Middle Horizon caravan trails bisect the northern edge of the Pacific Piedmont (Bikoulis et al. 2018). Quilcapampa, like other Pacific Piedmont sites of the era (Nigra et al. 2017), was oriented around these trails: both petroglyph evidence and faunal remains at the site reveal the important role that camelids played in maintaining Wari contacts between the highlands, coast, and intervalley regions of the yungas (Alaica et al. 2021; Berquist et al. 2021). Ceramic, lithic, botanical, and textile evidence suggest that Quilcapampa's residents maintained interregional interactions throughout the site's short occupation. It is important to juxtapose these long-distance connections with local animal management in the yungas. Camelids were central to Quilcapampa's socially charged feasting regime that tied the core area's residents to those living elsewhere in the valley (Alaica et al. 2021). Balancing the use of camelids as a source of meat, transport, and fiber required careful decision-making. Herders needed to calibrate the male:female and adult:subadult ratios of their animals and provide them with adequate fodder and water, whether at home or on the move.

Conclusions

Integrating stable isotope data on camelid teeth with microbotanical data of dental calculus adds specificity to ancient camelid foddering techniques, providing greater resolution of the diets and subsistence sources of animals managed by humans. Stable and radiogenic isotope analyses across the life histories of four animals from Quilcapampa revealed both C₃ and C₄ plant input and vertical mobility but were limited in their ability to identify specific resources that contributed to isotopic signatures. Microbotanical analysis of dental calculus from these same camelids identified C₃ (algarrobo and potato) and C₄ (maize) resources and showed that potatoes were likely processed by humans into chuño (likely chuño negro) before consumption by camelids. No starch granules or phytoliths of wild grasses were found in the calculus, but their absence does not eliminate the possibility that these resources may have been used for grazing when available.

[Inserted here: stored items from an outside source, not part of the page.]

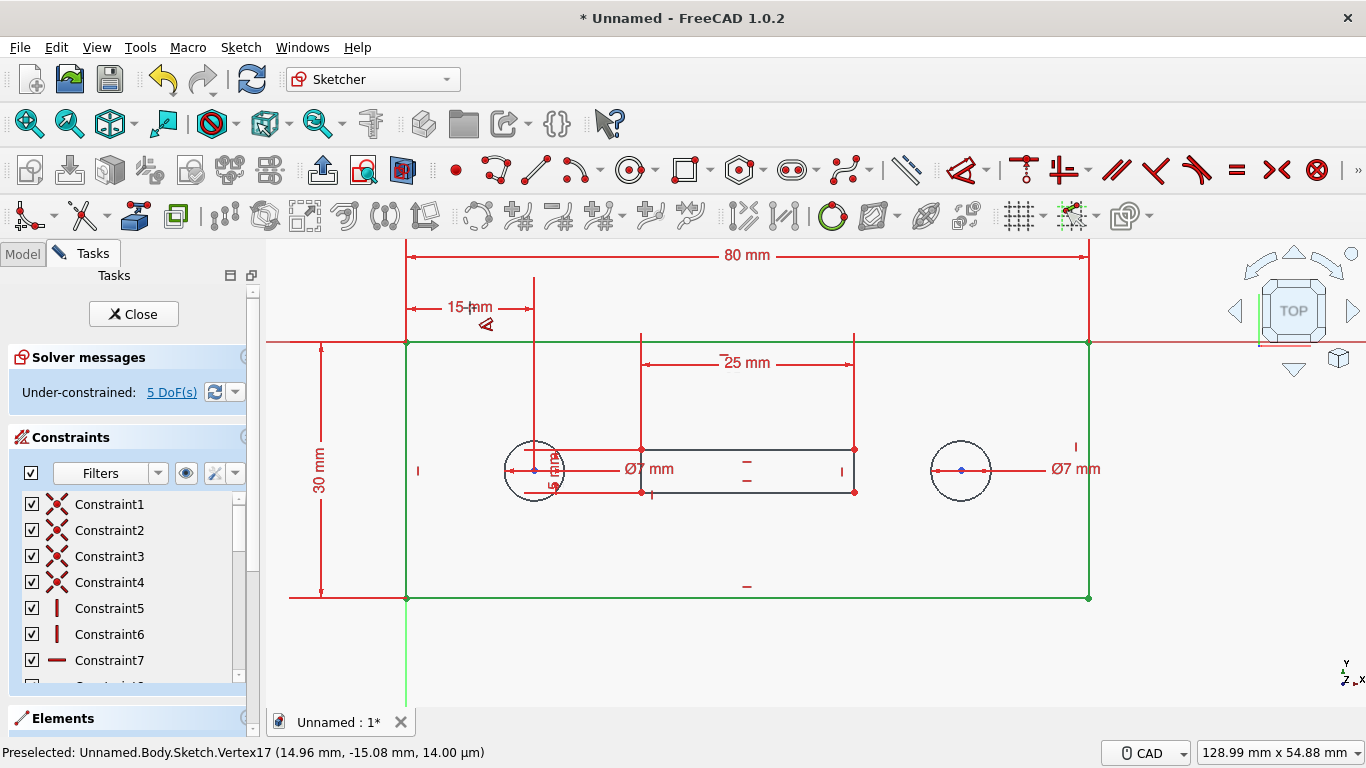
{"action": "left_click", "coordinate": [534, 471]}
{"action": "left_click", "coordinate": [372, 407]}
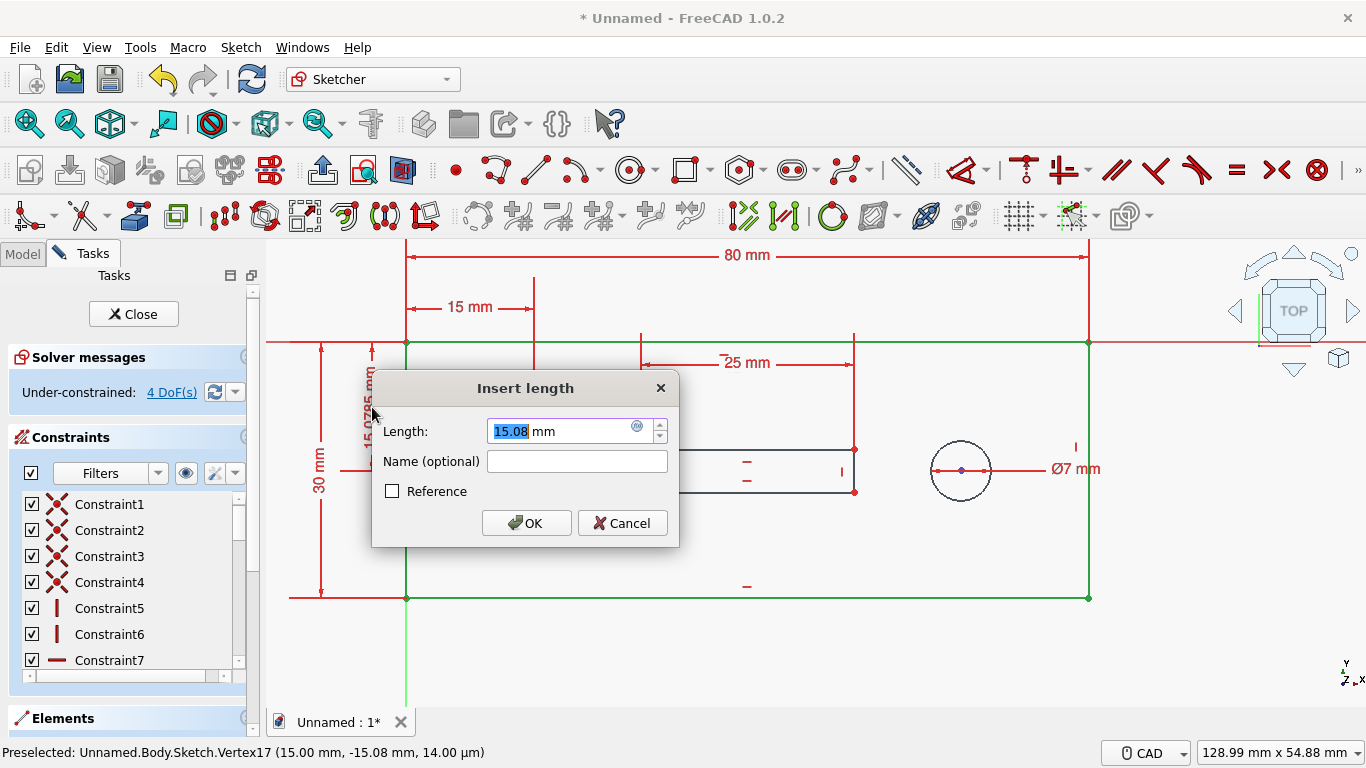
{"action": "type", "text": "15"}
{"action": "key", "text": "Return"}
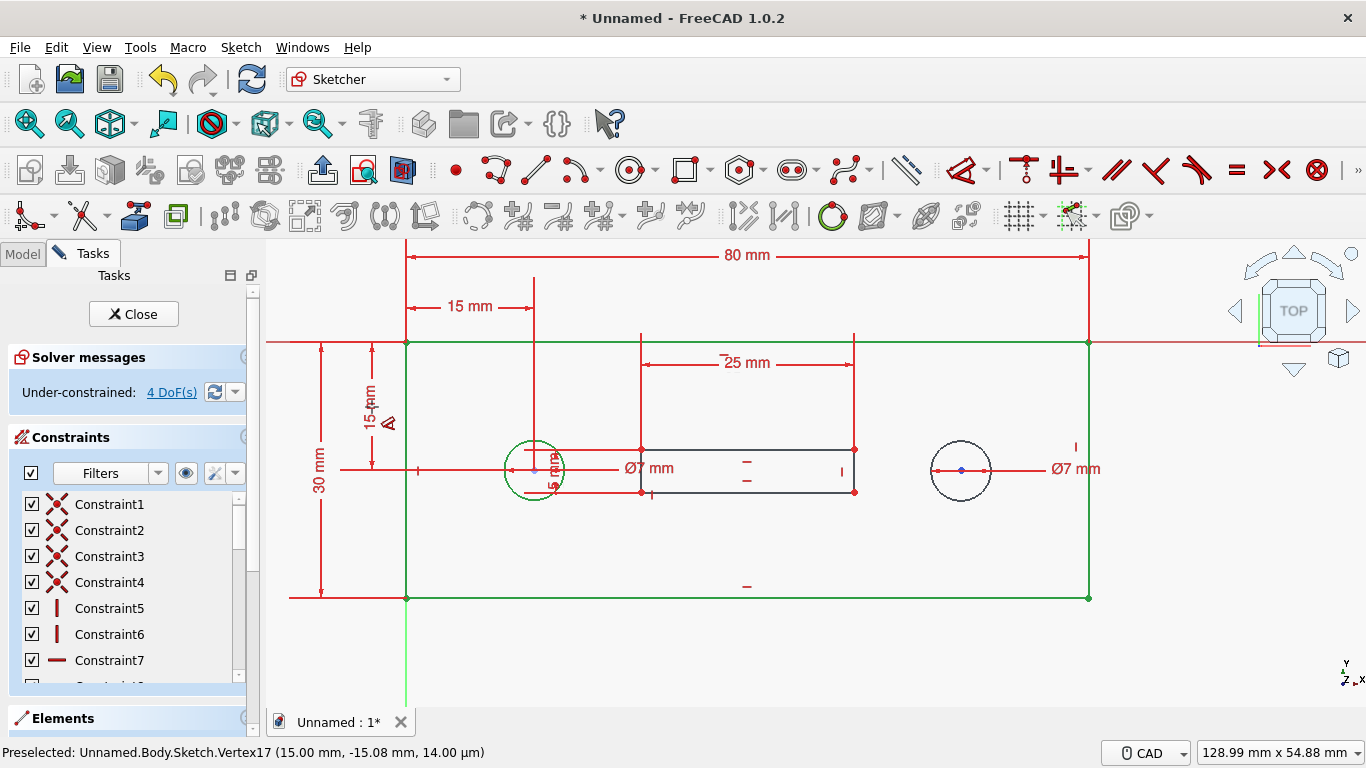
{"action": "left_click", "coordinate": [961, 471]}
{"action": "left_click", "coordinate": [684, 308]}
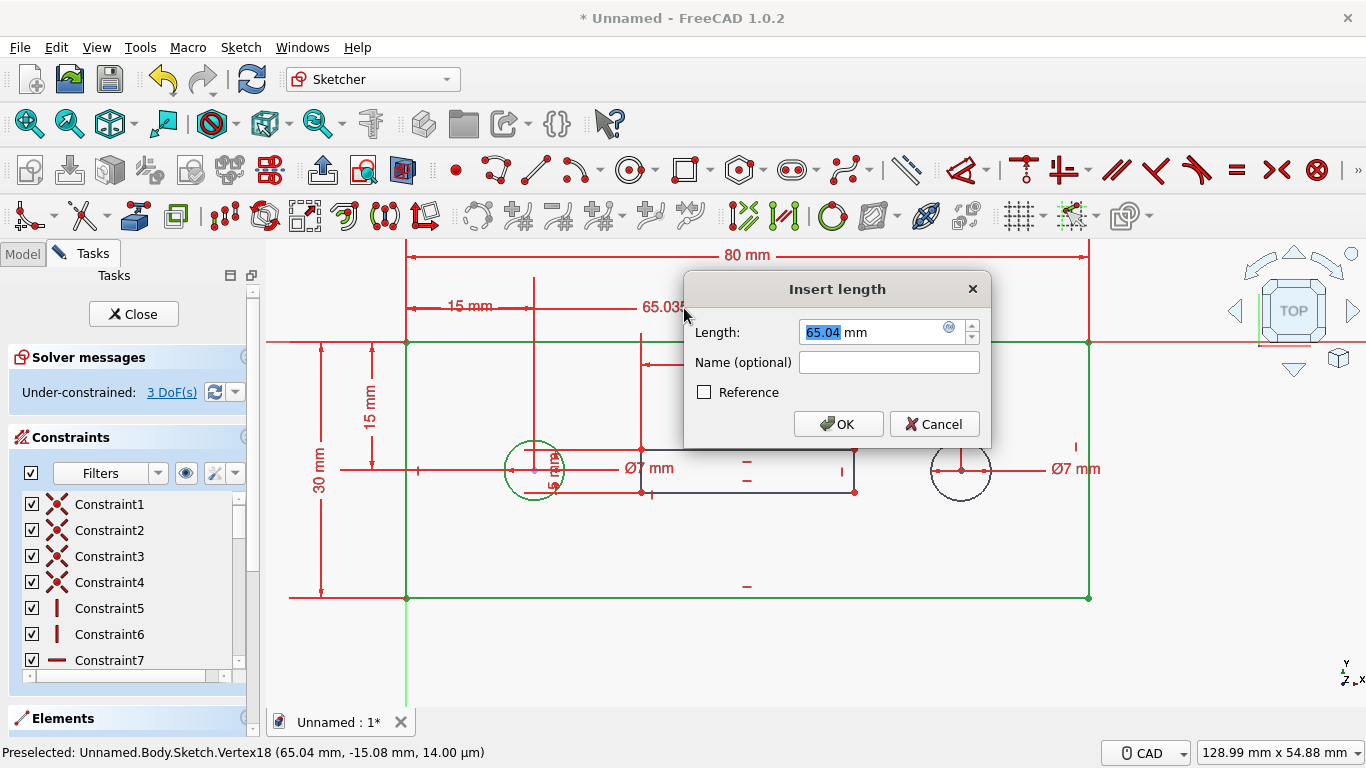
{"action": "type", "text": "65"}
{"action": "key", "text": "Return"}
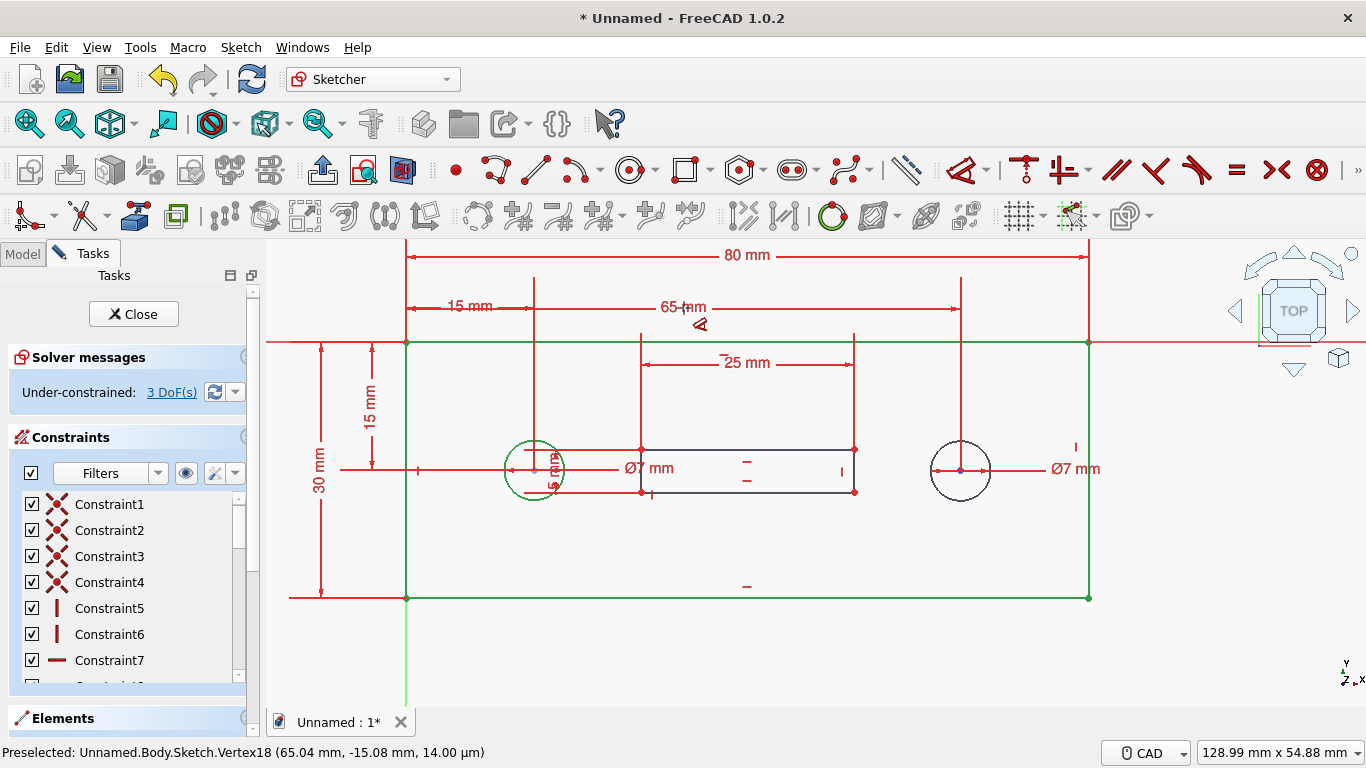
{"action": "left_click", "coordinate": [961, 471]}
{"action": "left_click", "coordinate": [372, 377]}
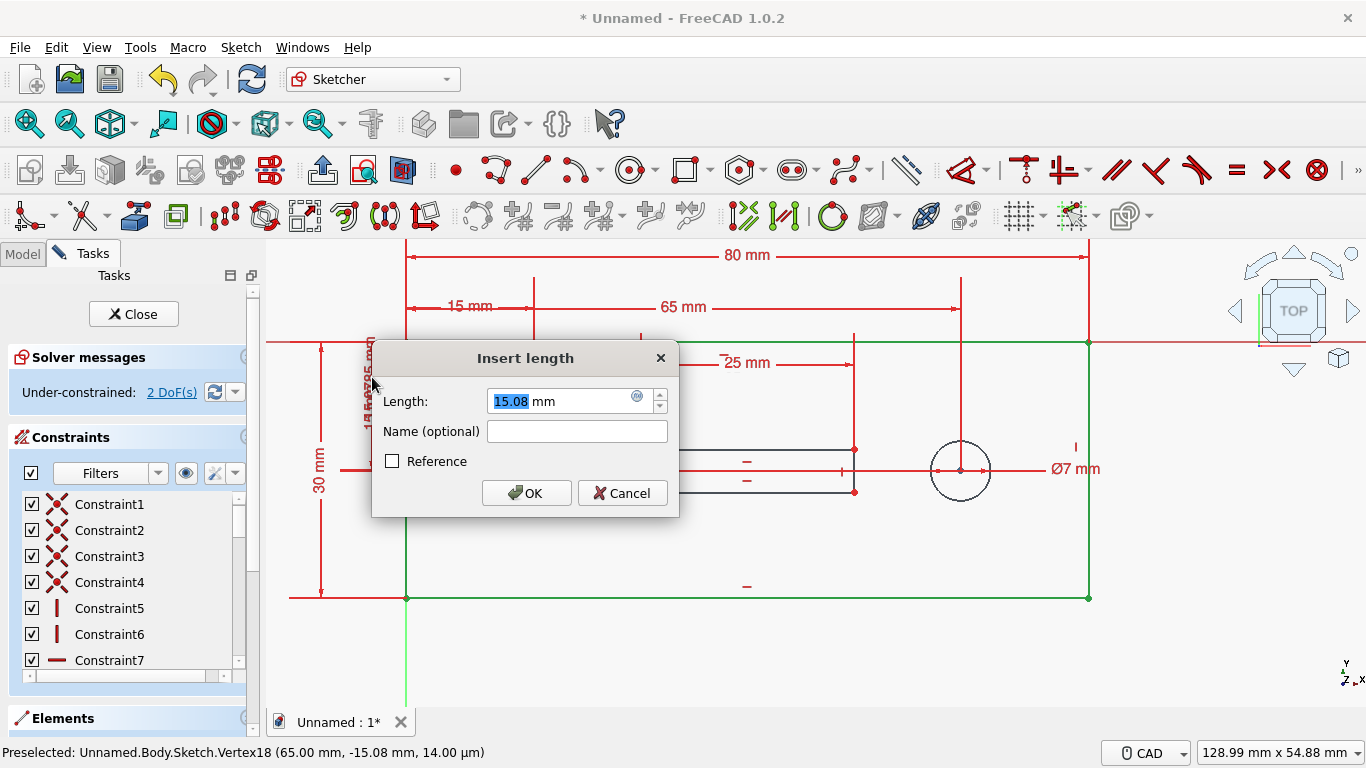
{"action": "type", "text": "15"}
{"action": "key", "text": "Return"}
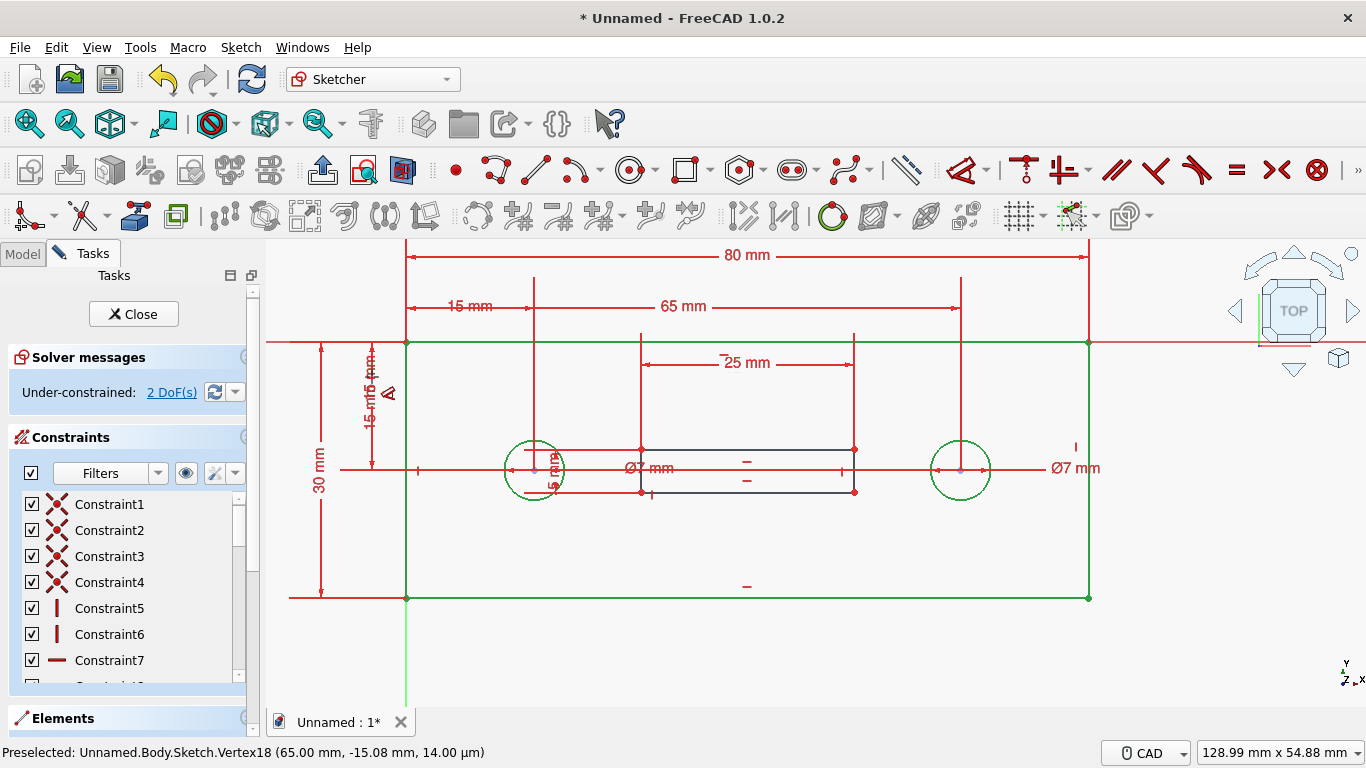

Situating these results in the context of Quilcapampa's environmental surroundings and excavated subsistence assemblage suggests that camelid foddering in the yungas largely took place within the narrow confines of an arid and heavily domesticated landscape. Camelids ate a combination of local fodder and cultivated staples obtained from nearby fields or long-distance exchange, all of which were either actively or unintentionally supplied to the animals. Limited grazing opportunities meant that feeding camelids at Quilcapampa, as at other yungas settlements, was fundamentally different from many highland or coastal locales where native grasses were more plentiful. Our research suggests that these yungas settlements would have served critical roles as vital caravan nodes where camelids were provisioned, ensuring their sustenance in traversing terrain with sparse natural fodder. Newcomers to a region, like those who founded Quilcapampa, therefore needed regular access to local fields, fertile algarrobo groves, and evaporated water sources but also used imported highland foods to help sustain their herds. Although much work remains in unraveling seasonal migration, trade, and inter/cross-regional interactions during the Middle Horizon, we hope that this case study encourages future research combining different methodological approaches to understand mobility more fully in the ancient Andes.